N+1 query problem is a problem in database retrieval where the related entities of an object are queried individually from a database, leading to O(n) queries where n is the number of related entities of the object.
Mouthful of words, I agree 🙂
Let’s take an example to illustrate what it means.
What is N+1 query problem?
Let's say you have a collection of team
objects (database rows), and each team
has a collection of members
objects (also rows). In other words, team
→ members
is a 1-to-many relationship.
Now, let's say you need to iterate through all the teams
, and for each one, print out a list of the members
. The naive O/R implementation would do the following:
find all the teams
SELECT * from teams WHERE …
then for each team, find their members
SELECT * from members where teamID = x
If there are N teams, you can see why this would lead to N+1 database queries.
Playing it out, this would issue queries like
SELECT * from teams WHERE …
SELECT * from members where teamID = 1
SELECT * from members where teamID = 2
SELECT * from members where teamID = 3
SELECT * from members where teamID = 4
…
This is sub-optimal.
The problem with this is that each query has quite a bit of overhead. It is much faster to issue 1 query, which returns 1000 results, than to issue 1000 queries which return 1 result each.
This is particularly true if your database is on a different machine that is, say, 3-4 ms away on the network. In this case, issuing 1000 queries serially has a minimum cost of 3000-4000ms, even if they can be satisfied instantly by MySQL.
This can easily be solved by batching queries
SELECT * FROM teams WHERE ...
SELECT * FROM members WHERE teamID IN (1, 2, 3, 4, 5, ...)
As you can see, this only takes 2 queries to retrieve the required details, no matter how many teams you want to find members for.

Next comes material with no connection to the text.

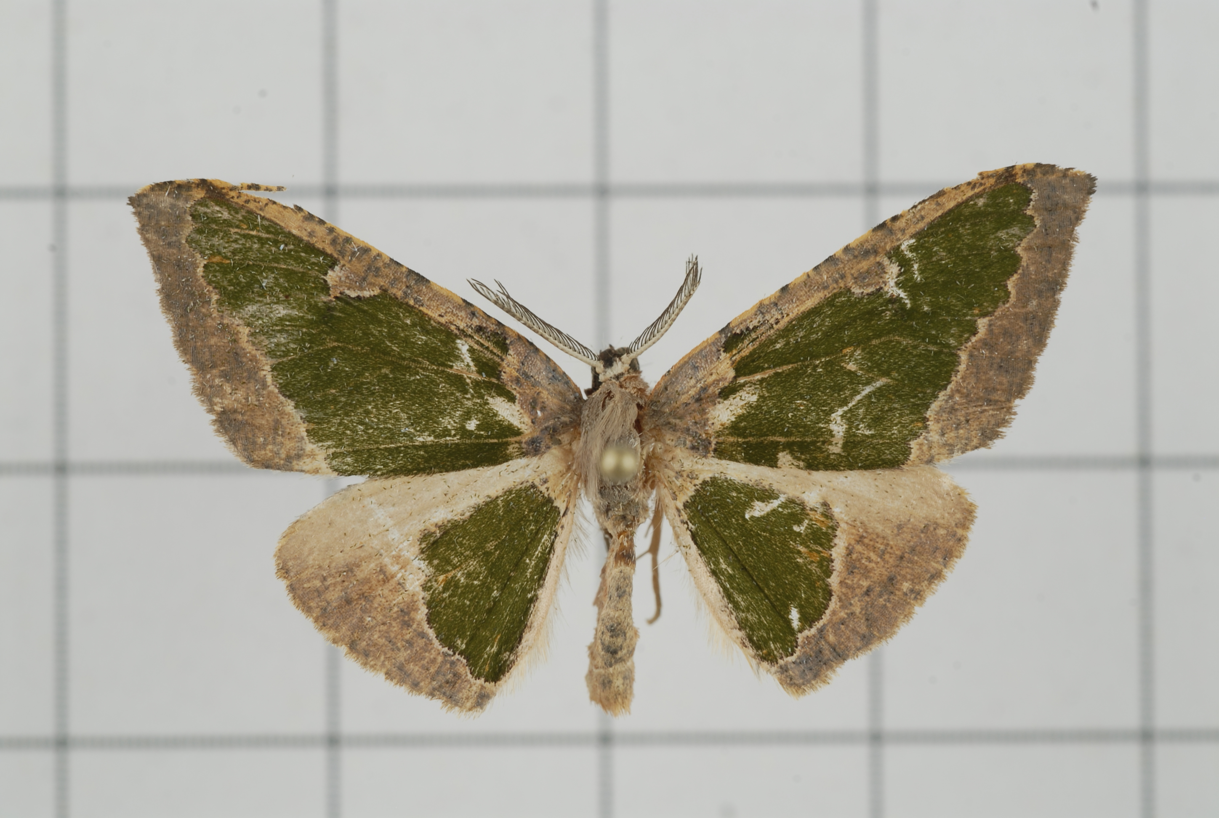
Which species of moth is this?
Celenna festivaria formosensis

You've removed the "N" part from the page's query plan and are no longer paying the overhead of issuing hundreds of extra queries.
How to prevent such performance anti-patterns creeping in your code
Well, a simple way is to have good code review practices and good engineers in your team who can catch such issues in the review phase itself.
But sometimes, developers use ORM to do DB queries which abstracts things to provide a common interface for multiple databases. Such unoptimised queries can be due to bad ORM implementations
And let’s face it, many teams don’t spend too much time in code reviews to detect performance anti-patterns that are not apparent in the first go.
So, what do you do?
This is where distributed tracing comes in handy.
What is Distributed tracing & how can it be helpful?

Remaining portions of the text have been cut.